İçeriğe geçmek için "Enter"a basın

Zaman: AB yasalarıyla devletin radyosu da kurtulacak

Diclenin Sesi Radyosu, 5 yıldır Güneydoğu’da Kürtçe ‘korsan’ bir biçimde Kürtçe yayın yapıyor. PKK terörüne karşı devletin mesajını Güneydoğu halkına TRT frekansı ile Türksat uydusu üzerinden ulaştırdığı belirtilen radyo, AB yasaları ile artık yasal zemine kavuşmuş oldu.

Bireysel hak ve özgürlüklerin önünü açacak AB yasaları, şu ana kadar illegal bir şekilde Kürtçe yayın yapan radyo ve televizyonları da yasal bir zemine çekecek. Terör örgütünün yayın organı MED Tv dışında da Kürtçe televizyon veya radyo yayını yasal hale gelecek.

Bugüne kadar yaşanan süreçte bu tür radyolardan bir kısmı devlet aleyhine yayınlara yer verirken, bazı radyolar ise Kürtçe yayınlar yoluyla devletin mesajını halka ulaştırıyordu. Fakat sözkonusu radyoların Anayasa’nın getirdiği sınırlamalar sebebiyle kime ait olduğu ve nereden yayın yaptıkları bilinemiyordu. Örneğin Diyarbakır’da 5 yıldır Kürtçe ve Zazaca müziklere yer veren ve yayın aralarında terör örgütü PKK’ya karşı halkı uyaran anonslarda bulunan Diclenin Sesi Radyosu yasal zemin olmadığı için korsan yayın yapıyordu. Radyonun yayınlarının TRT frekansı ve Türksat uydusu üzerinden sadece Güneydoğu Anadolu Bölgesi’ne değil Azerbaycan’a kadar geniş bir coğrafyayı kapsıyor. Yani Türkiye Cumhuriyeti Devleti Kürtçe yayınlara izin vermesi durumunda doğabilecek ‘bölücülük’ tehdidi sebebiyle kendi propagandasını yasal zeminde gerçekleştiremiyordu. Bu yüzden de TRT frekansı ve Türksat uydusunu kullanarak Diclenin Sesi Radyosu vasıtasıyla bir anlamda ‘korsan yayın’ yapmış oluyordu.

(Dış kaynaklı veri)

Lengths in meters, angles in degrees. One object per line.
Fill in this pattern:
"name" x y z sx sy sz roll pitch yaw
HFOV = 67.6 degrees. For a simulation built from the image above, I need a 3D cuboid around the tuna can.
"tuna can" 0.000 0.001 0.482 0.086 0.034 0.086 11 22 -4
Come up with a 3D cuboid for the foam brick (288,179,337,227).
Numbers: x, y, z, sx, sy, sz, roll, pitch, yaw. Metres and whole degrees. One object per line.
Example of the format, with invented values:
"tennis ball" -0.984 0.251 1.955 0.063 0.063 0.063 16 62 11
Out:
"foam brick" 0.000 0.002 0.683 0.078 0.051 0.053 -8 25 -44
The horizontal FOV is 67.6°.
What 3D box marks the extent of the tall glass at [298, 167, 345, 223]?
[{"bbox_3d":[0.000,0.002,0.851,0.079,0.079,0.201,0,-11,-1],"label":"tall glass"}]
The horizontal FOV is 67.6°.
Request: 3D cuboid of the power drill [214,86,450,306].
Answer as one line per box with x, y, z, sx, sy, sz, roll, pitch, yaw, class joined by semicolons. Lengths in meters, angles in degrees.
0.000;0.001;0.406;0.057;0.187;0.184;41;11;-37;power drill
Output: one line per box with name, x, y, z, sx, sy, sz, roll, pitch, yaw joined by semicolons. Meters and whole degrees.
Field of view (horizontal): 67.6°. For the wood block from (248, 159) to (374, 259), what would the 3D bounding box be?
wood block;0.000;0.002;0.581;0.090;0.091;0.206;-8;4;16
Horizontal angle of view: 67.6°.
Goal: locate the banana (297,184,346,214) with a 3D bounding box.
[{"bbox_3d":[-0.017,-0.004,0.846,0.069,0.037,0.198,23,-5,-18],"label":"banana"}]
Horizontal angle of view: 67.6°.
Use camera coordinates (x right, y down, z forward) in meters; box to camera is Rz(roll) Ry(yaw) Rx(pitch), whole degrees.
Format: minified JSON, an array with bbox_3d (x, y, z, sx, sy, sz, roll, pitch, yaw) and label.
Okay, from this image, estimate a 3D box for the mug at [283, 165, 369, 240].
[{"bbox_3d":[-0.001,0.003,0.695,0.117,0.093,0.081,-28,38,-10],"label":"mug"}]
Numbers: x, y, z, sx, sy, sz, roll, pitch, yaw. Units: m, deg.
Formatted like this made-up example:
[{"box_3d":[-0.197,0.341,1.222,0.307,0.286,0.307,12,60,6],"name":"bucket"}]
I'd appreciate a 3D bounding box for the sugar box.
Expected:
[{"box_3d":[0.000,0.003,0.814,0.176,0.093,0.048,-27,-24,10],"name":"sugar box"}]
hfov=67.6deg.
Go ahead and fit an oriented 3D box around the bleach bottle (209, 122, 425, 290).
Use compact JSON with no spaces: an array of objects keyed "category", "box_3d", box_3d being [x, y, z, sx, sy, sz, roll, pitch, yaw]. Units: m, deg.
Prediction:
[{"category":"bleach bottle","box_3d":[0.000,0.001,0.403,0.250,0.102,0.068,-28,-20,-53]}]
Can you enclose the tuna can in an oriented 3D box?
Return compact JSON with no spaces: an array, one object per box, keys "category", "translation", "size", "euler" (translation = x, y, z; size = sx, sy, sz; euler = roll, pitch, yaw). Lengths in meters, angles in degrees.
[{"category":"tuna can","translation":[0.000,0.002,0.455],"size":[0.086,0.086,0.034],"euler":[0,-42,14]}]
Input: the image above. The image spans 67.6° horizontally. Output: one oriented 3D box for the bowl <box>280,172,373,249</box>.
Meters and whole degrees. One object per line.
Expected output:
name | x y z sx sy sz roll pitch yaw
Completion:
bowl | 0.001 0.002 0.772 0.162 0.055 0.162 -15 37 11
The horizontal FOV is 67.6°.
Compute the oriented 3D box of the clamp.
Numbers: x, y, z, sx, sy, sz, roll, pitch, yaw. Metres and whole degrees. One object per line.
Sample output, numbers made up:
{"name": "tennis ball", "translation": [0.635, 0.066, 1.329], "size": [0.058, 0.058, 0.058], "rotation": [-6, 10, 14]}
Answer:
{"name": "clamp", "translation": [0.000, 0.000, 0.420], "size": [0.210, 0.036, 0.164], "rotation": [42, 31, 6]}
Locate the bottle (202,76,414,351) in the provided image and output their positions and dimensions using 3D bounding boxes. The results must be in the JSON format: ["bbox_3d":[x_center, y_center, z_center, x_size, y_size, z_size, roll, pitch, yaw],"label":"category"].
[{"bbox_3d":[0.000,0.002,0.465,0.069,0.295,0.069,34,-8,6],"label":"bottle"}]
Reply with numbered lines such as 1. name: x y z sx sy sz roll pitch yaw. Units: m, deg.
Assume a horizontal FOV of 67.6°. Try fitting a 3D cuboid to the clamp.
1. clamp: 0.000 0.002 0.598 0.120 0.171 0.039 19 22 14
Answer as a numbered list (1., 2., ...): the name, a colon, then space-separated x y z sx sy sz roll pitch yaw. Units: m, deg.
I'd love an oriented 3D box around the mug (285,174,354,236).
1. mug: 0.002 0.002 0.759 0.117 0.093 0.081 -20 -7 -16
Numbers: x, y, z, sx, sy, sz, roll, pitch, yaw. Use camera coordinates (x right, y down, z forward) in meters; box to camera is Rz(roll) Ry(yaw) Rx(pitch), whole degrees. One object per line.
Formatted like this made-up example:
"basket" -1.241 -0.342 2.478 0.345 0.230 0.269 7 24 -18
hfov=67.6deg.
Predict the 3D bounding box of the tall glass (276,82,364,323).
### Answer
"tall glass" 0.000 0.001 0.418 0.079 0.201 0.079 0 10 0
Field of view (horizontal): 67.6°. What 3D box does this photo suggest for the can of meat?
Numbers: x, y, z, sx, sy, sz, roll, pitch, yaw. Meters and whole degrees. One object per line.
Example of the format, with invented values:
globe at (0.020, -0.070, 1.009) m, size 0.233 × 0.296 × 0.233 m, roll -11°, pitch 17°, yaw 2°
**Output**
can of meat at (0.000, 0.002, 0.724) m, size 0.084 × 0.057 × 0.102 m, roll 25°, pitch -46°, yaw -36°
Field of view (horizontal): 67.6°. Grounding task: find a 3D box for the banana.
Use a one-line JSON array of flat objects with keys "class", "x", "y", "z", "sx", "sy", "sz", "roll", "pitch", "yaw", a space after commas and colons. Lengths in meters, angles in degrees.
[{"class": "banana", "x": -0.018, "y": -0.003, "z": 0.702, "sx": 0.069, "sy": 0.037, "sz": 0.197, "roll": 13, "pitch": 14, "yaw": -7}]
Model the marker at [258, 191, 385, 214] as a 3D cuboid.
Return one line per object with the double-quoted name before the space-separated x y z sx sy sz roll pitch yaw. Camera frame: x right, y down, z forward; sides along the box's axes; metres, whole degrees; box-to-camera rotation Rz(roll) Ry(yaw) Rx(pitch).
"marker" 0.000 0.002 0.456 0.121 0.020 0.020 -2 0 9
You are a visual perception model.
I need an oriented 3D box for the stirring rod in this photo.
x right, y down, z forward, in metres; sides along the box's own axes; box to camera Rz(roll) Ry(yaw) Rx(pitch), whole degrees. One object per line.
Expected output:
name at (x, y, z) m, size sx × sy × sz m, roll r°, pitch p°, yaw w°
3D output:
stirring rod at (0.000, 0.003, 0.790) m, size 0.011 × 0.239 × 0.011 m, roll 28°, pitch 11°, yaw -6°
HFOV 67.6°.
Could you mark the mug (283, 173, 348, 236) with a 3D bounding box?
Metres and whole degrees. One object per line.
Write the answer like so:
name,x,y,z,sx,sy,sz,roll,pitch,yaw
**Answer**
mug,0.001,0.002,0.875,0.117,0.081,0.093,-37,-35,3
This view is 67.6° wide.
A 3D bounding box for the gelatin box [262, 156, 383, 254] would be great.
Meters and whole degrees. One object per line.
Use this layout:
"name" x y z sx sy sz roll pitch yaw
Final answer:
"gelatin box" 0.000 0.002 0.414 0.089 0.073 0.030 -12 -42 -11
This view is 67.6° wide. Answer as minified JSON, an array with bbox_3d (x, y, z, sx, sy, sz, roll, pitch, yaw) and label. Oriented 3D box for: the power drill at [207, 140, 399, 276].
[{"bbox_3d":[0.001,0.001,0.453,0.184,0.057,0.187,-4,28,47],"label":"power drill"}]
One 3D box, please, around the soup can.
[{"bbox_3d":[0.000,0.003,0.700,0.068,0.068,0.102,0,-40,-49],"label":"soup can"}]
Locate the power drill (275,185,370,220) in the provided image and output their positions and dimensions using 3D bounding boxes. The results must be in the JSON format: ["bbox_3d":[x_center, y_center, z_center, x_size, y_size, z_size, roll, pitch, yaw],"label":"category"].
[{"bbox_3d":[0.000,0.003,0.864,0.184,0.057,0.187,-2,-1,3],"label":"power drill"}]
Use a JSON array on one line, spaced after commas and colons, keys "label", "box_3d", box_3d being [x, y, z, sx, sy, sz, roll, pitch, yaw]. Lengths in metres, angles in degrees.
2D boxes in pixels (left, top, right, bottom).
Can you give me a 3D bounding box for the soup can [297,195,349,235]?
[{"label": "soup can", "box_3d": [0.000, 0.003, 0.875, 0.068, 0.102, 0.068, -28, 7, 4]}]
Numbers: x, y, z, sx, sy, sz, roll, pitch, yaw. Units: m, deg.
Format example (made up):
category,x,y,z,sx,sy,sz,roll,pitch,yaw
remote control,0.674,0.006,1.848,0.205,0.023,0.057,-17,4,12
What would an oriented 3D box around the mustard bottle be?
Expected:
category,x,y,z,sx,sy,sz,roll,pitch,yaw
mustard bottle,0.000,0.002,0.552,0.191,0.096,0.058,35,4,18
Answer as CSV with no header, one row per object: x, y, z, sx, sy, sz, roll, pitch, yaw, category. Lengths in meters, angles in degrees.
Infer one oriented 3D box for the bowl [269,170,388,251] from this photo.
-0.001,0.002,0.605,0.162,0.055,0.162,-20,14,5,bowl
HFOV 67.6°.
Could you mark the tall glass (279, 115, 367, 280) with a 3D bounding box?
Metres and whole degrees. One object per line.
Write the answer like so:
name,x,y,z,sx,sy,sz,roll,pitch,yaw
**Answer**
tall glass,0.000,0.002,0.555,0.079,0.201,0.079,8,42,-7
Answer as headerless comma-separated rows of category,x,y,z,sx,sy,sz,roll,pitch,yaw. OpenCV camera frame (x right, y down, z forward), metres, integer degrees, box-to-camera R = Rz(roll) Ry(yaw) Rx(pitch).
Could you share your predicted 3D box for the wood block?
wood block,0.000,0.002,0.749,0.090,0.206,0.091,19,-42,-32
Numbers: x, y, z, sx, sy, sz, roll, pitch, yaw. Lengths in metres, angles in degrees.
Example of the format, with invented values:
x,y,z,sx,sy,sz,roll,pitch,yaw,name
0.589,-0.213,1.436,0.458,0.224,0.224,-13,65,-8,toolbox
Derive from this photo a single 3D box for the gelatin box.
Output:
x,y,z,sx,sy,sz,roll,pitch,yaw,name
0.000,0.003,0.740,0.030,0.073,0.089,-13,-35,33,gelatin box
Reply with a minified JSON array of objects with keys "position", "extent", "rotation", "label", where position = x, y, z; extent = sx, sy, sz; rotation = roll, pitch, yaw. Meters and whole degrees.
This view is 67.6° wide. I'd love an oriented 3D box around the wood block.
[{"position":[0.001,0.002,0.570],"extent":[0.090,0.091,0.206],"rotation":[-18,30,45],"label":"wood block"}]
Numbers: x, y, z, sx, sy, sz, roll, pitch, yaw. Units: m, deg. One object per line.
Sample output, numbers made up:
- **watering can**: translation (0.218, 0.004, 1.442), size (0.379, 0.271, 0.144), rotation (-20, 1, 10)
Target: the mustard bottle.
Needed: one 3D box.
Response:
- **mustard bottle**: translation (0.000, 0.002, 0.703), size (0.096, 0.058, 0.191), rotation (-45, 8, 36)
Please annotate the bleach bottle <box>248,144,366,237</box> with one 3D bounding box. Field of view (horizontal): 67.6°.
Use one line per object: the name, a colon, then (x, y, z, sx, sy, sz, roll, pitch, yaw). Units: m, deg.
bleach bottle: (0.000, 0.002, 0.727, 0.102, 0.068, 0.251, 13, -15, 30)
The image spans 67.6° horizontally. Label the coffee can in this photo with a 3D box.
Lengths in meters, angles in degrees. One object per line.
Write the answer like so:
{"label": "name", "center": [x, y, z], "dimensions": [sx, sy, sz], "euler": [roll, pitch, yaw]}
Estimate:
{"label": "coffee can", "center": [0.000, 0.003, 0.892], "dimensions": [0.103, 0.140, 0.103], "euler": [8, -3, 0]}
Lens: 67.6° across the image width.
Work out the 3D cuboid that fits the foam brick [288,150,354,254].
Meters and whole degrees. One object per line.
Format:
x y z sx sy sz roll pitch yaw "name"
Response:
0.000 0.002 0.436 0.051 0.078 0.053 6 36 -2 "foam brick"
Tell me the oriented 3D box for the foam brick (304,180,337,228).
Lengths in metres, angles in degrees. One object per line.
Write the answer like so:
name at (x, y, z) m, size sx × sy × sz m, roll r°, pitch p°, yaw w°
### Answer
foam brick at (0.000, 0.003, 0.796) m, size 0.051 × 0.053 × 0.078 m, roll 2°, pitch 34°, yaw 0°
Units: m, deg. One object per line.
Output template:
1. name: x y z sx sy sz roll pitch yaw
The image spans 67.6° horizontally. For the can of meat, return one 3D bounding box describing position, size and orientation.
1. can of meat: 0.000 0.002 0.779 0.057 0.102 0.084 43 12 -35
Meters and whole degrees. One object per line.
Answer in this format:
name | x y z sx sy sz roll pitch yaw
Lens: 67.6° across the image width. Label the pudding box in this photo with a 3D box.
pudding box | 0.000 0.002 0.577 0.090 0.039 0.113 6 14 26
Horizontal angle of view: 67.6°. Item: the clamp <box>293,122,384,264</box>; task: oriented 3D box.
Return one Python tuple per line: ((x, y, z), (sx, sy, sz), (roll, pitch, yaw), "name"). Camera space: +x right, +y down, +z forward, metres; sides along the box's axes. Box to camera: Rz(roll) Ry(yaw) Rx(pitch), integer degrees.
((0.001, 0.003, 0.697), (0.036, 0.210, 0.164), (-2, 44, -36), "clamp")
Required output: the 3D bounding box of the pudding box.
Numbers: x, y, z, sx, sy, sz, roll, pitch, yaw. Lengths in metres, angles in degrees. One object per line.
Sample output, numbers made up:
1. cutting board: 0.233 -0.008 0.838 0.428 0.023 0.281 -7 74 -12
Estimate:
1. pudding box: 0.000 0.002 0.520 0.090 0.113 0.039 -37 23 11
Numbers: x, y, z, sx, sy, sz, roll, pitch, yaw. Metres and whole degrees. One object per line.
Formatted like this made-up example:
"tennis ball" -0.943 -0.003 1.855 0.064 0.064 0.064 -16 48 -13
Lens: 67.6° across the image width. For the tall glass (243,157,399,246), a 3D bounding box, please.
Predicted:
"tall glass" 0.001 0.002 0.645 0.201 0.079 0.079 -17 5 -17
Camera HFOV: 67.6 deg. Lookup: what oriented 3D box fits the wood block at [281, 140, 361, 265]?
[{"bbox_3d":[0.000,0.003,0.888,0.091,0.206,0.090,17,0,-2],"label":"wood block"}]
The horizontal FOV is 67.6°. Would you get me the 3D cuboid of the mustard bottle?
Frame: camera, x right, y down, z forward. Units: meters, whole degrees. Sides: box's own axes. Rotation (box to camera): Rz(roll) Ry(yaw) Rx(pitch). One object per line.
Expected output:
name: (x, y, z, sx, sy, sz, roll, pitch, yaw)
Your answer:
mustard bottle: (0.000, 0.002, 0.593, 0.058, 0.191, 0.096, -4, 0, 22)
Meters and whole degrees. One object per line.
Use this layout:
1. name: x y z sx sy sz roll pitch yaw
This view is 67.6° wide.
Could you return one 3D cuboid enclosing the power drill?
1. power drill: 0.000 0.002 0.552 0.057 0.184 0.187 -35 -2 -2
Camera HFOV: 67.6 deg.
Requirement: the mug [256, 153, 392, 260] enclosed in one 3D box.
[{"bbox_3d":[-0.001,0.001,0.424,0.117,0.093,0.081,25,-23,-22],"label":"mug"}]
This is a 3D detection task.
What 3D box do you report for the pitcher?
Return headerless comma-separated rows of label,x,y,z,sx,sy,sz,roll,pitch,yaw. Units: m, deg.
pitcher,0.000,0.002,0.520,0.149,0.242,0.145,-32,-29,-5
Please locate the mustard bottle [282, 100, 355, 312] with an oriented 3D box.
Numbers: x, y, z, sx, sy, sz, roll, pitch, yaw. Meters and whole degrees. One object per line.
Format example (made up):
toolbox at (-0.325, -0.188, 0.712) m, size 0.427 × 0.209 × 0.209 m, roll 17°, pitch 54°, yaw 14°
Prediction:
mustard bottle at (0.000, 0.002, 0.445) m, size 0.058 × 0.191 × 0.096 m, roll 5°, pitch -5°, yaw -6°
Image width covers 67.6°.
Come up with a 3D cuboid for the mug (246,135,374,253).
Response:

Dicle’nin Sesi radyosu orta dalga üzerinde yayın yapıyor. Diyarbakır dışındaki illerden Suriye sınırındaki Mardin’e kadar bütün illerde net olarak dinlenebiliyor. Her gün saat 13.00’te başlayan müzik yayını akşam saat 18.00’e kadar devam ediyor. Radyo, Türkçe, Zazaca ve Kürtçenin Kurmanci lehçesinde yayın yapıyor. Türkçe şarkılarda ağırlıklı olarak Türk müziğinden örneklerle beraber Mahsun Kırmızıgül’ün parçalarına, Kürtçe şarkılarda ise, Şivan Perver ve Şehriban adındaki Kürt sanatçıların eserlerine yer veriliyor. Kürtçe seslendirilen şarkılarda daha çok düğün ve halay şarkıları tercih ediliyor. Radyo ilk kurulduğu yıllarda PKK itirafçılarının itiraflarını yayınlayarak halkı bilgilendiriyordu. AB Yasaları’nın geçmesinin ardından Dicle’nin Sesi ve benzeri radyolar legal hale gelmiş oldu.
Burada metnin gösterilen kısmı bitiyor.